4. When goods from some countries are banned,
importing country requires this certificate to ensure
that goods from banned countries are not entering
into the country.
5. Exporting country may insist on this certificate to
ensure that the goods imported are not reshipped
again.
5. Mate’s Receipt
A mate’s receipt is issued by the mate after the cargo is
loaded into the ship. It is an acknowledgment that the
goods have been received on board the ship.
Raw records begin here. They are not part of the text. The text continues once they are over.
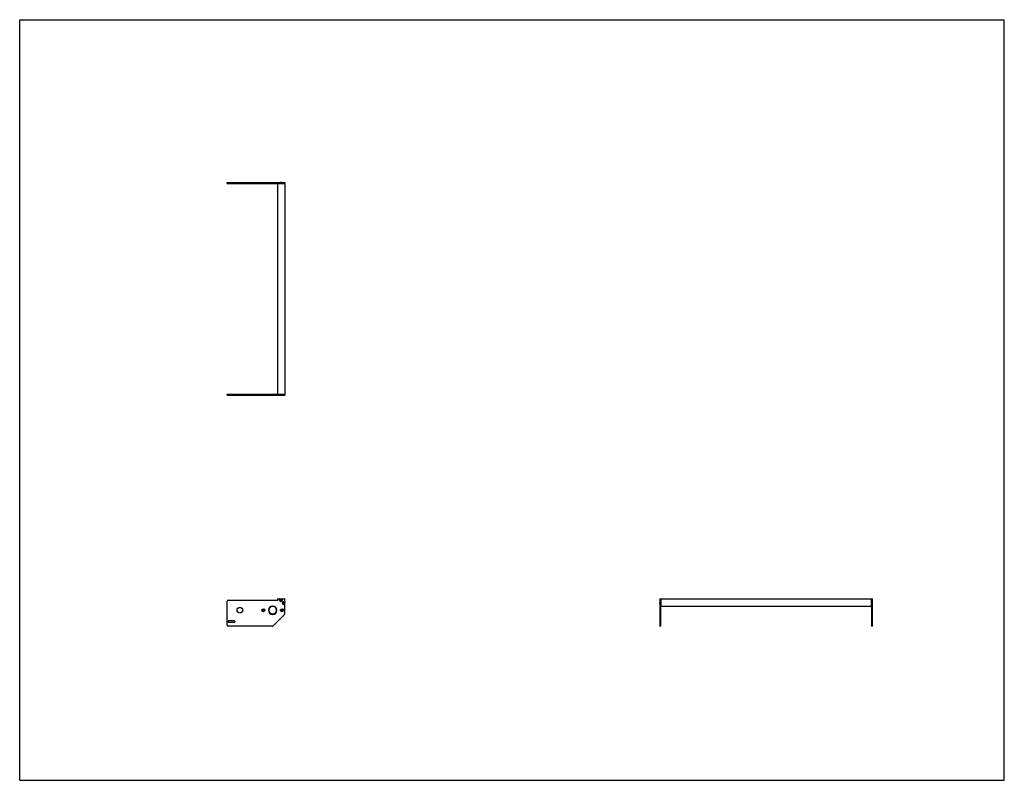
# Model space of a CAD drawing. Header units: inches. Extents: x 0 to 132, y 0 to 102.
import ezdxf

# ---------------------------------------------------------------- set-up
doc = ezdxf.new("R2010")
doc.units = ezdxf.units.IN
doc.header["$LTSCALE"] = 7.26
doc.header["$MEASUREMENT"] = 0
doc.layers.get('0').update_dxf_attribs({"linetype": 'CONTINUOUS'})
for name, color, linetype in [('350537_1_1_1_1_BL0', 7, 'CONTINUOUS'), ('350538_1_1_1_1_BL4', 7, 'CONTINUOUS'), ('350539_28_BL3', 7, 'CONTINUOUS'), ('930410M_1_1_1_BL1', 7, 'CONTINUOUS'), ('930410M_1_1_1_BL2', 7, 'CONTINUOUS'), ('930410M_1_1_1_BL5', 7, 'CONTINUOUS'), ('930410M_1_1_1_BL6', 7, 'CONTINUOUS')]:
    doc.layers.add(name, color=color, linetype=linetype)

# ---------------------------------------------------------------- blocks, each defined once
blk = doc.blocks.new('350537_1_1_1_1_BL0', base_point=(56.89, 36.23))
at = {"layer": '350537_1_1_1_1_BL0', "color": 7, "linetype": 'CONTINUOUS'}
for p, q in [((27.83, 51.79), (34.55, 51.79)), ((27.83, 51.67), (27.83, 51.79)), ((27.83, 51.67), (34.94, 51.67)), ((34.61, 51.79), (34.61, 51.67)), ((34.76, 51.79), (35.55, 51.79)), ((35.12, 51.67), (35.55, 51.67)), ((35.55, 51.79), (35.55, 51.67)), ((27.83, 20.8), (27.83, 24.04)), ((27.96, 24.16), (34.61, 24.16)), ((34.61, 24.16), (34.76, 24.32)), ((34.78, 24.33), (35.52, 24.33)), ((35.55, 22.33), (35.55, 24.3)), ((85.83, 24.33), (85.83, 23.86)), ((85.83, 24.33), (85.95, 24.33)), ((85.95, 20.67), (85.95, 24.33)), ((33.89, 23.37), (33.89, 23.31)), ((33.95, 23.31), (33.95, 23.37)), ((85.83, 23.67), (85.83, 20.67)), ((27.96, 21.23), (27.96, 21.36)), ((28.02, 21.42), (28.77, 21.42)), ((28.77, 21.17), (28.02, 21.17)), ((28.83, 21.36), (28.83, 21.23)), ((33.89, 22.31), (33.89, 22.24)), ((33.95, 22.24), (33.95, 22.31)), ((35.51, 22.24), (33.98, 20.71)), ((33.89, 20.67), (27.96, 20.67)), ((85.95, 20.67), (85.83, 20.67))]:
    blk.add_line(p, q, dxfattribs=at)
for centre, radius in [((29.52, 22.81), 0.375), ((32.67, 22.81), 0.205), ((32.67, 22.81), 0.108), ((35.17, 22.81), 0.205), ((35.17, 22.81), 0.108)]:
    blk.add_circle(centre, radius, dxfattribs=at)
for centre, radius, start, end in [((27.96, 24.04), 0.125, 90, 180), ((34.78, 24.3), 0.03, 90, 135), ((35.03, 24.17), 0.185, 120.1537, 59.8463), ((35.39, 23.77), 0.185, 30.1537, 329.8463), ((35.52, 24.3), 0.03, 0, 90), ((33.92, 22.81), 0.562, 93.0572, 266.9428), ((33.92, 22.81), 0.5, 93.4398, 266.5602), ((33.92, 22.81), 0.562, 273.0572, 86.9428), ((33.92, 22.81), 0.5, 273.4398, 86.5602), ((28.02, 21.36), 0.06, 90, 180), ((28.02, 21.23), 0.06, 180, 270), ((28.77, 21.36), 0.06, 0, 90), ((28.77, 21.23), 0.06, 270, 360), ((35.43, 22.33), 0.125, 315, 360), ((27.96, 20.8), 0.125, 180, 270), ((33.89, 20.8), 0.125, 270, 315)]:
    blk.add_arc(centre, radius, start, end, dxfattribs=at)
for points, knots in [([(34.94, 51.67), (34.95, 51.67), (34.97, 51.68), (35.01, 51.69), (35.03, 51.69), (35.05, 51.69), (35.09, 51.68), (35.11, 51.67), (35.12, 51.67)], [0, 0, 0, 0, 0.249806, 0.374886, 0.5, 0.625114, 0.750193, 1, 1, 1, 1]), ([(85.85, 23.77), (85.85, 23.77), (85.85, 23.79), (85.84, 23.82), (85.83, 23.84), (85.83, 23.86)], [0, 0, 0, 0, 0.250113, 0.500263, 1, 1, 1, 1]), ([(85.83, 23.67), (85.83, 23.69), (85.84, 23.71), (85.85, 23.74), (85.85, 23.76), (85.85, 23.77)], [0, 0, 0, 0, 0.49974, 0.749891, 1, 1, 1, 1])]:
    blk.add_open_spline(points, degree=3, knots=knots, dxfattribs=at)
blk = doc.blocks.new('930410M_1_1_1_BL1', base_point=(60.54, 23.77))
at = {"layer": '930410M_1_1_1_BL1', "color": 7, "linetype": 'CONTINUOUS'}
for p, q in [((35.36, 23.82), (35.33, 23.77)), ((35.33, 23.77), (35.36, 23.72)), ((35.42, 23.82), (35.36, 23.82)), ((35.45, 23.77), (35.42, 23.82)), ((35.42, 23.72), (35.45, 23.77)), ((85.83, 23.85), (85.83, 23.68)), ((85.84, 23.7), (85.84, 23.83)), ((35.36, 23.72), (35.42, 23.72))]:
    blk.add_line(p, q, dxfattribs=at)
blk.add_circle((35.39, 23.77), 0.157, dxfattribs=at)
blk = doc.blocks.new('930410M_1_1_1_BL2', base_point=(35.03, 37.84))
at = {"layer": '930410M_1_1_1_BL2', "color": 7, "linetype": 'CONTINUOUS'}
for p, q in [((34.95, 51.67), (35.12, 51.67)), ((35.1, 51.68), (34.96, 51.68)), ((35, 24.22), (34.97, 24.17)), ((34.97, 24.17), (35, 24.12)), ((35.06, 24.22), (35, 24.22)), ((35, 24.12), (35.06, 24.12)), ((35.09, 24.17), (35.06, 24.22)), ((35.06, 24.12), (35.09, 24.17))]:
    blk.add_line(p, q, dxfattribs=at)
blk.add_circle((35.03, 24.17), 0.157, dxfattribs=at)
blk = doc.blocks.new('350539_28_BL3', base_point=(74.37, 51.66))
at = {"layer": '350539_28_BL3', "color": 7, "linetype": 'CONTINUOUS'}
for p, q in [((34.55, 80.03), (34.55, 51.79)), ((34.55, 80.03), (35.55, 80.03)), ((35.55, 80.03), (35.55, 51.79)), ((34.55, 51.79), (35.55, 51.79)), ((34.58, 24.33), (34.78, 24.33)), ((85.95, 24.33), (85.95, 23.35)), ((85.95, 24.33), (114.19, 24.33)), ((114.19, 23.35), (114.19, 24.33)), ((114.19, 23.29), (85.95, 23.29))]:
    blk.add_line(p, q, dxfattribs=at)
for centre, radius, start, end in [((34.58, 24.3), 0.03, 90, 246.0797), ((33.92, 22.81), 1.6, 62.2175, 66.0797)]:
    blk.add_arc(centre, radius, start, end, dxfattribs=at)
blk = doc.blocks.new('350538_1_1_1_1_BL4', base_point=(71.07, 50.41))
at = {"layer": '350538_1_1_1_1_BL4', "color": 7, "linetype": 'CONTINUOUS'}
for p, q in [((27.83, 80.03), (27.83, 80.15)), ((27.83, 80.15), (34.94, 80.15)), ((27.83, 80.03), (34.55, 80.03)), ((34.61, 80.15), (34.61, 80.03)), ((34.78, 80.03), (35.55, 80.03)), ((35.12, 80.15), (35.55, 80.15)), ((35.55, 80.15), (35.55, 80.03)), ((114.19, 24.33), (114.31, 24.33)), ((114.19, 24.33), (114.19, 20.67)), ((114.31, 23.86), (114.31, 24.33)), ((114.31, 20.67), (114.31, 23.67)), ((114.31, 20.67), (114.19, 20.67))]:
    blk.add_line(p, q, dxfattribs=at)
for points, knots in [([(35.12, 80.15), (35.11, 80.14), (35.09, 80.13), (35.05, 80.13), (35.03, 80.13), (35.01, 80.13), (34.97, 80.13), (34.95, 80.14), (34.94, 80.15)], [0, 0, 0, 0, 0.249807, 0.374886, 0.5, 0.625114, 0.750194, 1, 1, 1, 1]), ([(114.31, 23.86), (114.31, 23.85), (114.3, 23.84), (114.29, 23.81), (114.29, 23.79), (114.29, 23.77), (114.29, 23.77)], [0, 0, 0, 0, 0.249977, 0.50001, 0.750024, 1, 1, 1, 1]), ([(114.29, 23.77), (114.29, 23.76), (114.29, 23.74), (114.3, 23.71), (114.3, 23.69), (114.31, 23.67)], [0, 0, 0, 0, 0.25011, 0.500263, 1, 1, 1, 1])]:
    blk.add_open_spline(points, degree=3, knots=knots, dxfattribs=at)
blk = doc.blocks.new('930410M_1_1_1_BL5', base_point=(35.03, 80.15))
at = {"layer": '930410M_1_1_1_BL5', "color": 7, "linetype": 'CONTINUOUS'}
for p, q in [((35.12, 80.15), (34.95, 80.15)), ((34.96, 80.14), (35.1, 80.14))]:
    blk.add_line(p, q, dxfattribs=at)
blk = doc.blocks.new('930410M_1_1_1_BL6', base_point=(114.31, 23.77))
at = {"layer": '930410M_1_1_1_BL6', "color": 7, "linetype": 'CONTINUOUS'}
for p, q in [((114.3, 23.83), (114.3, 23.7)), ((114.31, 23.68), (114.31, 23.85))]:
    blk.add_line(p, q, dxfattribs=at)

msp = doc.modelspace()

# ---------------------------------------------------------------- linework, layer by layer
at = {"color": 7, "linetype": 'CONTINUOUS'}
for p, q in [((0, 0), (0, 102)), ((0, 102), (132, 102)), ((132, 0), (132, 102)), ((0, 0), (132, 0))]:
    msp.add_line(p, q, dxfattribs=at)

# ---------------------------------------------------------------- block references
at = {"layer": '350537_1_1_1_1_BL0'}
msp.add_blockref('350537_1_1_1_1_BL0', (56.89, 36.23), dxfattribs=at)
at = {"layer": '350538_1_1_1_1_BL4'}
msp.add_blockref('350538_1_1_1_1_BL4', (71.07, 50.41), dxfattribs=at)
at = {"layer": '350539_28_BL3'}
msp.add_blockref('350539_28_BL3', (74.37, 51.66), dxfattribs=at)
at = {"layer": '930410M_1_1_1_BL1'}
msp.add_blockref('930410M_1_1_1_BL1', (60.54, 23.77), dxfattribs=at)
at = {"layer": '930410M_1_1_1_BL2'}
msp.add_blockref('930410M_1_1_1_BL2', (35.03, 37.84), dxfattribs=at)
at = {"layer": '930410M_1_1_1_BL5'}
msp.add_blockref('930410M_1_1_1_BL5', (35.03, 80.15), dxfattribs=at)
at = {"layer": '930410M_1_1_1_BL6'}
msp.add_blockref('930410M_1_1_1_BL6', (114.31, 23.77), dxfattribs=at)

doc.saveas('drawing.dxf')

The Mate’s
receipt contains the details about
1. Name of the vessel,
2. Date of shipment,
3. Berth,
4. Marks,
5. Numbers,
6. Description and condition of goods at the time they
are shipped, port of loading,
7. Name and address of the shipper,
8. Name and address of the importer(consignee) and
9. Other required details.
Types of Mate’s Receipts
Mate’s receipt can be clean or qualified.
(A) Clean Mate’s Receipt: Mate of the ship issues a clean
mate’s receipt if the condition, quality of the goods and
their packing are proper and free from defects.
(B) Qualified Mate’s Receipt: If the mate’s receipt
contains any adverse remarks as to the quality or
condition of the goods/packing, it is known as ‘Qualified
Mate’s Receipt’. On the basis of the mate’s receipt, the
Bill of Lading is prepared by the shipping agent.
If there are adverse remarks in the mate’s receipt, the
same will be incorporated in the Bill of Lading, which may
turn to become a claused Bill of Lading, and this may not
be acceptable for negotiation.
Mate’s receipt is first handed to the Port Trust Authorities
who hands over to the exporter soon after he clears their
dues. This procedure is adopted to facilitate for collection
of port dues from the exporter.
Next Module
Module Ends
Sea waybill
A transport document for maritime shipment which serves
as evidence of the contract of carriage and as a receipt
for the goods, but is not a document of title. The sea
waybill indicates the on board loading of the goods and
can be used in cases where no ocean bill of lading and
no other document of title is required. For receipt of the
goods, presentation of the sea waybill by the consignee
named therein is not required, which can speed up
processing at the port of destination.